Some people are lawyers and specialize in rhetoric. It’s that Plato thing.
Some of us submit our opinions to cat scratching peer review, take our lumps and get better.
There’s this bunch of lawyers who say they’re Defending Food Safety.
Probably the worst blog name since Maple Leaf’s “Our Journey to Food Safety Leadership.”
One of them, Shawn Stevens (stevens@gasswebermullins.com) wrote on Oct. 22/09 that each year, American families eat somewhere in the neighborhood of 328.5 Billion safe meals – and countless more safe snacks. While any illness or death linked to the consumption of food is one too many, the fact remains that (at three meals a day) you and I are 20 times more likely to die this year from pneumonia or drowning than from a food-borne illness. Although not perfect, the statistics are quite impressive.
As the Sloan song says
When you find you’re a conformer
Take pride and swallow whole
Stevens goes on to say,
As consumers, we are inundated by media “fear-mongering,” and made to believe that with each meal consumed, we draw closer to the precipice of some fathomless tragedy. We are also taught to be suspicious and wary of the people who have dedicated their lives to ensuring that our families are fed, and that our food is wholesome.

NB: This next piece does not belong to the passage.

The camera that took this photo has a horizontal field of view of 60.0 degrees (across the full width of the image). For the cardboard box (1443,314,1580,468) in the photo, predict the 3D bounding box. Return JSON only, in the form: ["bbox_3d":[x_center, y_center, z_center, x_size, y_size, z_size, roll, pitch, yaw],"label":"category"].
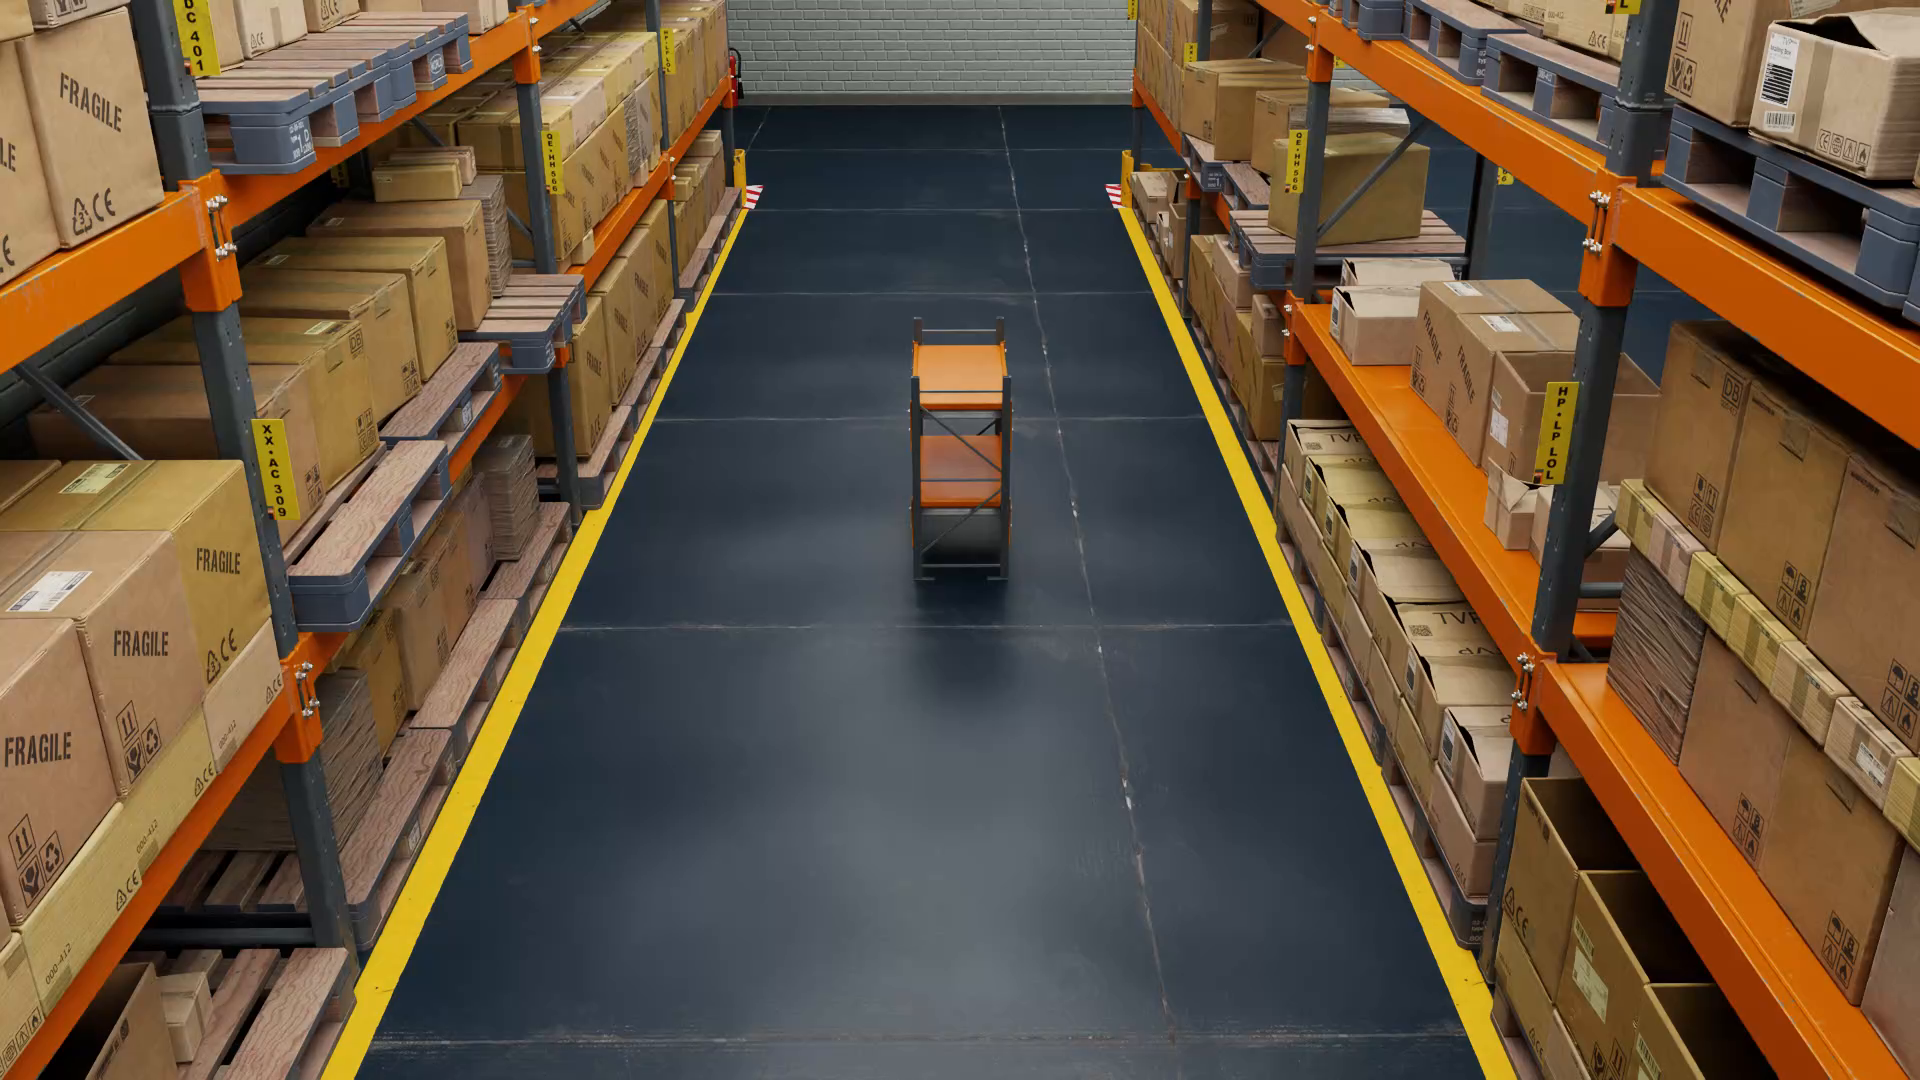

You see, food safety is a complicated and dynamic issue. It is easy to be a cynic. It is easy to attack others with the benefit of extended hindsight. It is easy to simplify things to a level that a third grader would find devoid in both substance and fact. The real challenge, however, lies in embracing a reasoned and proactive approach that not only recognizes the limits of technology and science, but, at the same time, within these limits, best reduces the risks most likely to occur to the greatest extent possible.
Dude, you just failed my intro class for most horrible and unsubstantiated metaphors.
But why not reference our paper, Where does foodborne illness happen–in the home, at foodservice, or elsewhere — and does it matter? Because that would conflict with your world-view?
In any event, for those who continue to ignore science and reason, who contend that food safety is the responsibility of food producers alone, and who wrongly proclaim that food safety is only as simple as “not eating poop,” I say this: given the statistics, what goes into one mouth is often far less harmful than what comes out of another.
I e-mailed the lawyer in question on Friday about the don’t eat poop line, and he decided not to answer. Seriously I don’t want to know what is coming out of his mouth.